Traces of explosive have now been found in the wreckage of both passenger jets which crashed earlier this week, Russian investigators say.
The two Tupolev airliners crashed almost simultaneously on Tuesday in southern Russia, hundreds of miles apart, killing 89 passengers and crew.
The FSB security service had already announced the discovery of traces of hexogen among the remains of one jet.
Now it says the explosive has been found in the remains of the other.
After finding explosives traces on one plane, a Sibir Airlines Tu-154, on Friday, Russian officials described what had happened as a terrorist attack.
They also said the pilot had sent out a hijack alert just before the plane crashed, Russian media report.

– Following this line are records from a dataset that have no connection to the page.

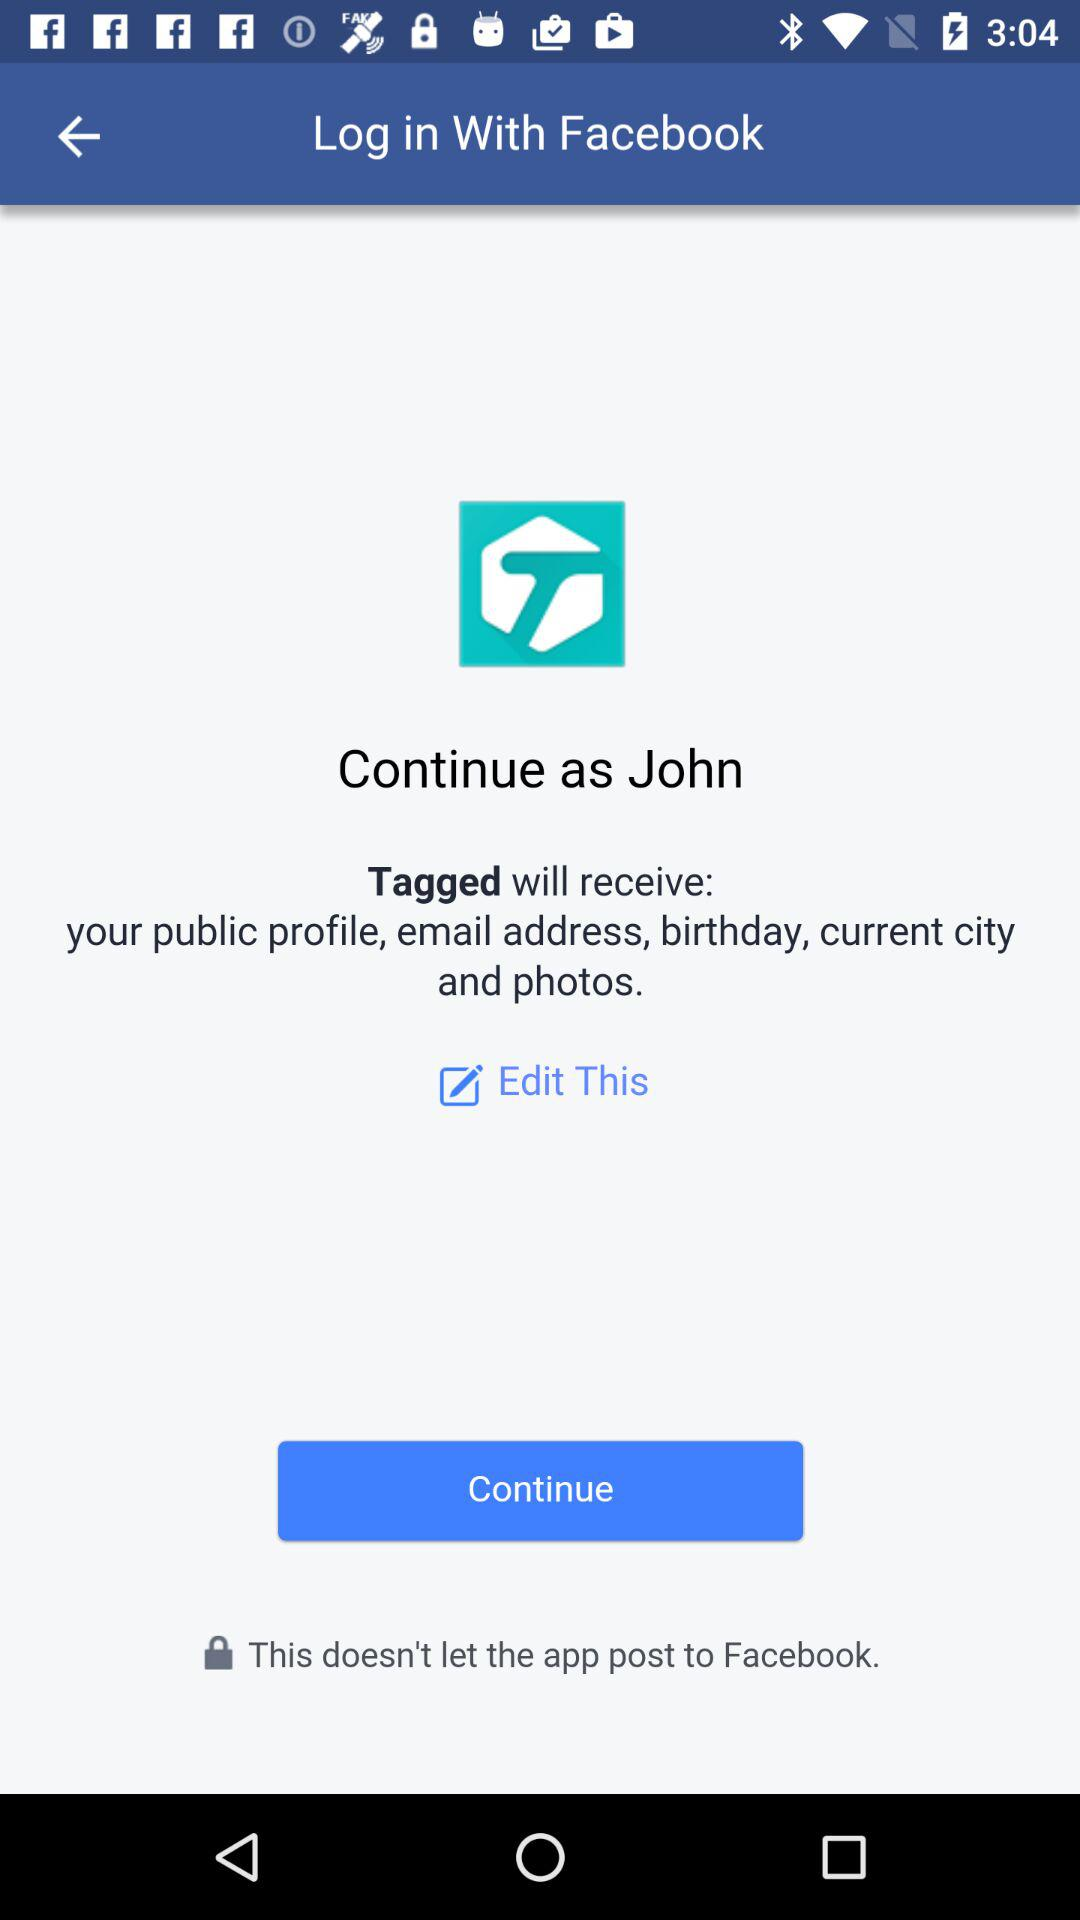What account am I using to continue? You are using "Facebook" account. 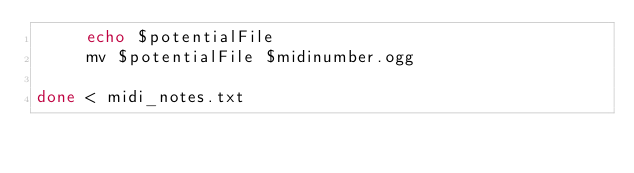<code> <loc_0><loc_0><loc_500><loc_500><_Bash_>	 echo $potentialFile
	 mv $potentialFile $midinumber.ogg
     
done < midi_notes.txt
</code> 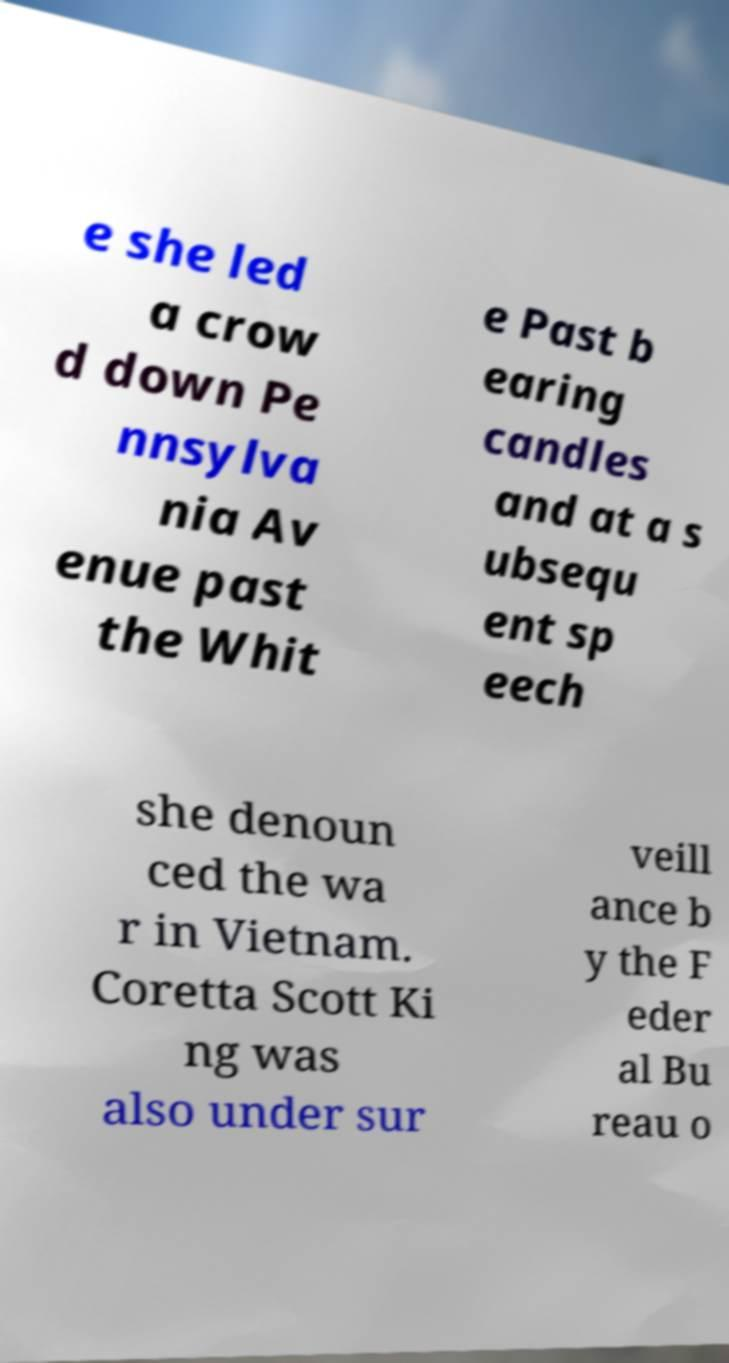Can you read and provide the text displayed in the image?This photo seems to have some interesting text. Can you extract and type it out for me? e she led a crow d down Pe nnsylva nia Av enue past the Whit e Past b earing candles and at a s ubsequ ent sp eech she denoun ced the wa r in Vietnam. Coretta Scott Ki ng was also under sur veill ance b y the F eder al Bu reau o 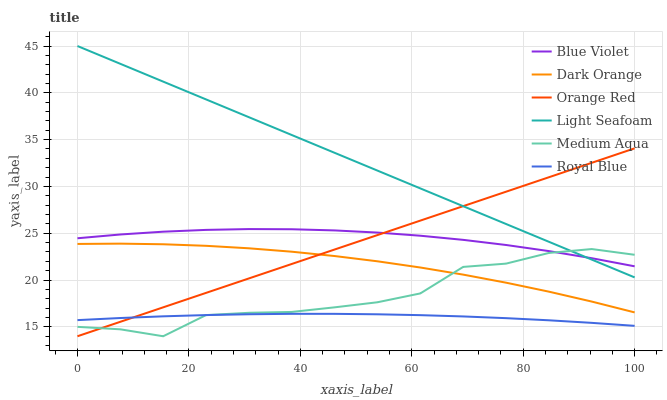Does Royal Blue have the minimum area under the curve?
Answer yes or no. Yes. Does Light Seafoam have the maximum area under the curve?
Answer yes or no. Yes. Does Medium Aqua have the minimum area under the curve?
Answer yes or no. No. Does Medium Aqua have the maximum area under the curve?
Answer yes or no. No. Is Orange Red the smoothest?
Answer yes or no. Yes. Is Medium Aqua the roughest?
Answer yes or no. Yes. Is Royal Blue the smoothest?
Answer yes or no. No. Is Royal Blue the roughest?
Answer yes or no. No. Does Medium Aqua have the lowest value?
Answer yes or no. Yes. Does Royal Blue have the lowest value?
Answer yes or no. No. Does Light Seafoam have the highest value?
Answer yes or no. Yes. Does Medium Aqua have the highest value?
Answer yes or no. No. Is Royal Blue less than Light Seafoam?
Answer yes or no. Yes. Is Blue Violet greater than Dark Orange?
Answer yes or no. Yes. Does Orange Red intersect Light Seafoam?
Answer yes or no. Yes. Is Orange Red less than Light Seafoam?
Answer yes or no. No. Is Orange Red greater than Light Seafoam?
Answer yes or no. No. Does Royal Blue intersect Light Seafoam?
Answer yes or no. No.

FSB spokesman Sergei Ignachenko said on Saturday: "Additional examination of the fragments of the Tu-134 aircraft which crashed on Tuesday... has revealed traces of hexogen."
Women suspects
The two airliners took off within minutes of each other from Domodedovo airport in Moscow.
Reports say investigations are focusing on two women passengers, believed to be from the restive territory of Chechnya, where presidential elections are being held on Sunday.
Investigators say no-one has come forward to claim the women's bodies.
Officials had warned that Chechen separatist rebels could resort to terrorism to try to undermine Sunday's voting.
Several suicide bombings in recent years have been blamed on Chechen women who lost husbands or brothers in the war and chaos in the southern republic over the past decade.
An Islamic group has claimed responsibility for the crashes in a website statement.
A previously unknown group called the Islambouli Brigades said it had five people on board each aircraft. It warned this act would be followed by others "until the killings of our Muslim brothers in Chechnya cease".
Russian officials have repeatedly contended that the rebels, who have been fighting Russian forces in Chechnya for nearly five years, receive help from foreign organisations, including al-Qaeda.
Hexogen, more widely known as RDX, was identified as the explosive in a series of apartment building bombings that killed some 300 people in Moscow and other cities in 1999, and that were blamed on Chechen separatists.